Recent discoveries in the biology of prostate cancer have enabled scientists to develop drugs targeting specific molecules that promote tumor growth or make the tumor resistant to treatment. However, while these agents, such as Zytiga (abiraterone acetate) and enzalutamide (MDV3100), have provided dramatic benefit for many patients, not all respond, and among those who do, the durability of response can be limited. Biomarker assays -- tests that can provide information on the biologic profile of an individual patient's tumor -- have the potential to revolutionize the management of prostate cancer by (1) helping identify which treatments are most likely to benefit which individual patients, (2) reducing the chance of exposing patients to ineffective, costly, and potentially toxic treatments, and (3) accelerating the drug development process by enabling clinical trials to enroll patients most likely to respond to the treatment being studied.

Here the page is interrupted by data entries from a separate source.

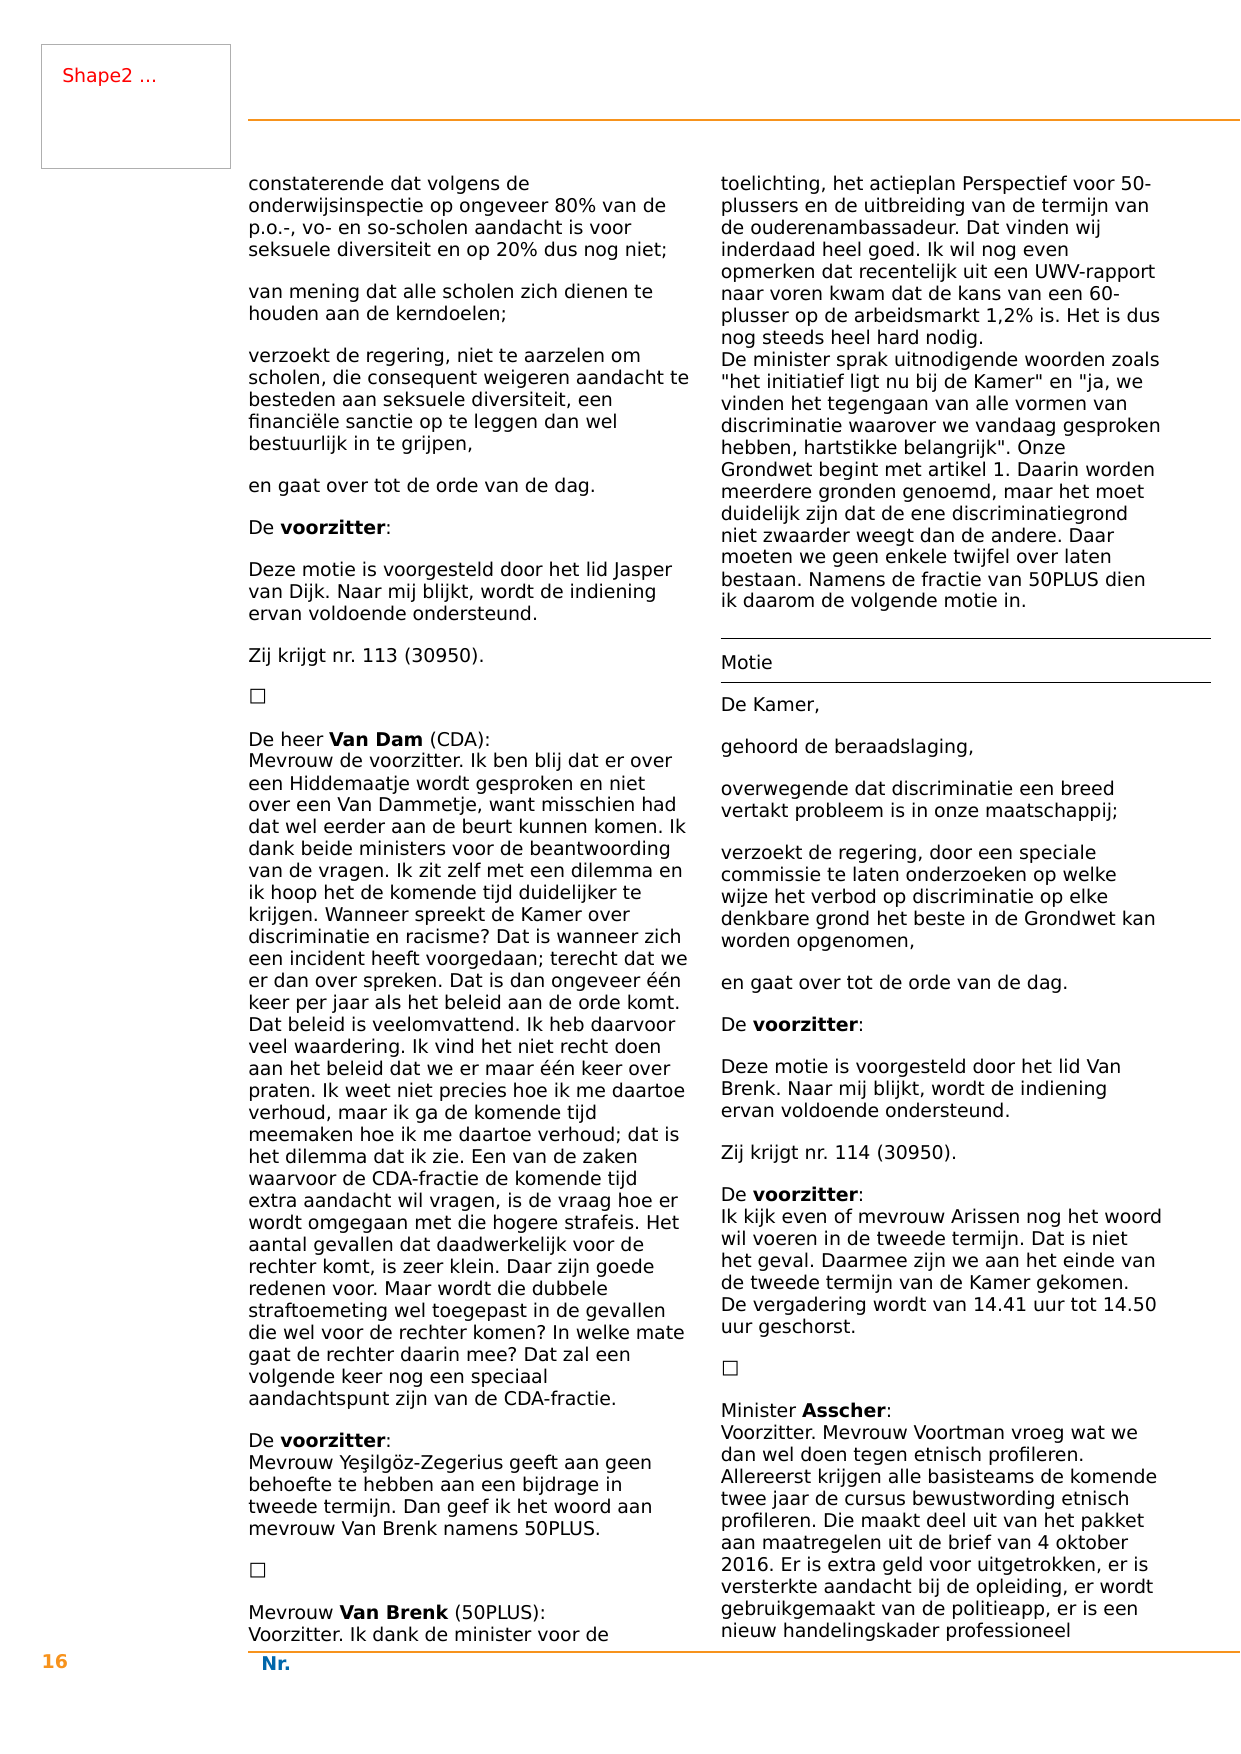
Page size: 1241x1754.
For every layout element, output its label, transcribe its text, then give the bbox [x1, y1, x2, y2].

text De vergadering wordt van 14.41 uur tot 14.50 uur geschorst. [721, 1294, 1163, 1338]
text De voorzitter: [721, 1184, 1163, 1206]
text verzoekt de regering, door een speciale commissie te laten onderzoeken op welke wijze het verbod op discriminatie op elke denkbare grond het beste in de Grondwet kan worden opgenomen, [721, 842, 1163, 952]
text De heer Van Dam (CDA): [248, 728, 691, 750]
text De voorzitter: [721, 1014, 1163, 1036]
text Deze motie is voorgesteld door het lid Jasper van Dijk. Naar mij blijkt, wordt de indiening ervan voldoende ondersteund. [248, 558, 691, 624]
text van mening dat alle scholen zich dienen te houden aan de kerndoelen; [248, 281, 691, 325]
text Mevrouw de voorzitter. Ik ben blij dat er over een Hiddemaatje wordt gesproken en niet over een Van Dammetje, want misschien had dat wel eerder aan de beurt kunnen komen. Ik dank beide ministers voor de beantwoording van de vragen. Ik zit zelf met een dilemma en ik hoop het de komende tijd duidelijker te krijgen. Wanneer spreekt de Kamer over discriminatie en racisme? Dat is wanneer zich een incident heeft voorgedaan; terecht dat we er dan over spreken. Dat is dan ongeveer één keer per jaar als het beleid aan de orde komt. Dat beleid is veelomvattend. Ik heb daarvoor veel waardering. Ik vind het niet recht doen aan het beleid dat we er maar één keer over praten. Ik weet niet precies hoe ik me daartoe verhoud, maar ik ga de komende tijd meemaken hoe ik me daartoe verhoud; dat is het dilemma dat ik zie. Een van de zaken waarvoor de CDA-fractie de komende tijd extra aandacht wil vragen, is de vraag hoe er wordt omgegaan met die hogere strafeis. Het aantal gevallen dat daadwerkelijk voor de rechter komt, is zeer klein. Daar zijn goede redenen voor. Maar wordt die dubbele straftoemeting wel toegepast in de gevallen die wel voor de rechter komen? In welke mate gaat de rechter daarin mee? Dat zal een volgende keer nog een speciaal aandachtspunt zijn van de CDA-fractie. [248, 750, 691, 1410]
text ⬜ [248, 1560, 691, 1582]
text Zij krijgt nr. 113 (30950). [248, 644, 691, 666]
text Mevrouw Yeşilgöz-Zegerius geeft aan geen behoefte te hebben aan een bijdrage in tweede termijn. Dan geef ik het woord aan mevrouw Van Brenk namens 50PLUS. [248, 1452, 691, 1540]
text Voorzitter. Mevrouw Voortman vroeg wat we dan wel doen tegen etnisch profileren. Allereerst krijgen alle basisteams de komende twee jaar de cursus bewustwording etnisch profileren. Die maakt deel uit van het pakket aan maatregelen uit de brief van 4 oktober 2016. Er is extra geld voor uitgetrokken, er is versterkte aandacht bij de opleiding, er wordt gebruikgemaakt van de politieapp, er is een nieuw handelingskader professioneel [721, 1422, 1163, 1642]
text Ik kijk even of mevrouw Arissen nog het woord wil voeren in de tweede termijn. Dat is niet het geval. Daarmee zijn we aan het einde van de tweede termijn van de Kamer gekomen. [721, 1206, 1163, 1294]
text toelichting, het actieplan Perspectief voor 50-plussers en de uitbreiding van de termijn van de ouderenambassadeur. Dat vinden wij inderdaad heel goed. Ik wil nog even opmerken dat recentelijk uit een UWV-rapport naar voren kwam dat de kans van een 60-plusser op de arbeidsmarkt 1,2% is. Het is dus nog steeds heel hard nodig. [721, 173, 1163, 349]
text en gaat over tot de orde van de dag. [248, 474, 691, 497]
text overwegende dat discriminatie een breed vertakt probleem is in onze maatschappij; [721, 778, 1163, 822]
text Motie [721, 652, 1163, 674]
text Zij krijgt nr. 114 (30950). [721, 1142, 1163, 1164]
text De voorzitter: [248, 517, 691, 538]
text verzoekt de regering, niet te aarzelen om scholen, die consequent weigeren aandacht te besteden aan seksuele diversiteit, een financiële sanctie op te leggen dan wel bestuurlijk in te grijpen, [248, 345, 691, 454]
text constaterende dat volgens de onderwijsinspectie op ongeveer 80% van de p.o.-, vo- en so-scholen aandacht is voor seksuele diversiteit en op 20% dus nog niet; [248, 173, 691, 261]
text Mevrouw Van Brenk (50PLUS): [248, 1602, 691, 1624]
text Deze motie is voorgesteld door het lid Van Brenk. Naar mij blijkt, wordt de indiening ervan voldoende ondersteund. [721, 1056, 1163, 1122]
text De minister sprak uitnodigende woorden zoals "het initiatief ligt nu bij de Kamer" en "ja, we vinden het tegengaan van alle vormen van discriminatie waarover we vandaag gesproken hebben, hartstikke belangrijk". Onze Grondwet begint met artikel 1. Daarin worden meerdere gronden genoemd, maar het moet duidelijk zijn dat de ene discriminatiegrond niet zwaarder weegt dan de andere. Daar moeten we geen enkele twijfel over laten bestaan. Namens de fractie van 50PLUS dien ik daarom de volgende motie in. [721, 349, 1163, 612]
text en gaat over tot de orde van de dag. [721, 972, 1163, 994]
text De Kamer, [721, 694, 1163, 716]
text ⬜ [248, 686, 691, 708]
text Minister Asscher: [721, 1400, 1163, 1422]
text gehoord de beraadslaging, [721, 736, 1163, 758]
text De voorzitter: [248, 1430, 691, 1452]
text ⬜ [721, 1358, 1163, 1380]
text Voorzitter. Ik dank de minister voor de [248, 1624, 691, 1646]

Analytical validation is a rigorous process used to establish the performance characteristics of the biomarker assay itself, including the method, reagents, and device(s) used, and the range of conditions under which the measurement gives reproducible and accurate results. Only validated assays for biomarkers can be used to guide treatment selection. Critically, however, there are currently no validated assays to measure key predictive prostate cancer biomarkers.

The overarching goal of our Multicenter Assay Validation Program is to synchronize the many different elements currently involved in biomarker development in order to make analytically valid assays (i.e., biomarker tests) available in the near-term. As a result, the drugs that are most likely to benefit individual patients can be used and the patients will be spared the side effects from ineffective therapies.

To meet our objective, we have assembled a uniquely qualified team of multidisciplinary investigators from five premier academic medical centers and industry to validate biomarker assays across multiple institutions, defining how the tests must be conducted to ensure that valid results will be produced. We have selected an initial set of five assays for biomarkers corresponding to the two most frequently altered molecular pathways in human prostate cancer -- the androgen receptor (AR) and PI3K pathways. These pathways are especially attractive drug targets, as we have discovered that inhibiting the PI3K pathway overcomes the resistance that some prostate tumors have (or develop in response to treatment) to AR inhibition. For these reasons, multiple clinical trials of drugs targeting these pathways, alone or in combination, are currently under way or will soon begin, and the need for validated assays showing which patients are most likely to respond to which drugs is paramount.

During the second phase of our program we will begin multicenter validation of five additional candidate biomarkers, particularly those that are being identified by gene sequencing projects such as the Stand Up To Cancer - Prostate Cancer Foundation Prostate Dream Team Translational Cancer Research Grant. To address the challenges of validating next-generation molecular assays, we will utilize the specific expertise of our Bioinformatics Co-Leaders to process and analyze the data these projects will produce, to develop ad hoc software and database solutions, and to perform computer simulations.

By creating the only mechanism with the ability to bring together leaders in the fields of prostate cancer pathology, medical oncology, computational biology, and statistics to specifically address assay validation, we intend to bring about an era of precision medicine where the choice of treatment is based on the real-time biologic profile of an individual patient's tumor.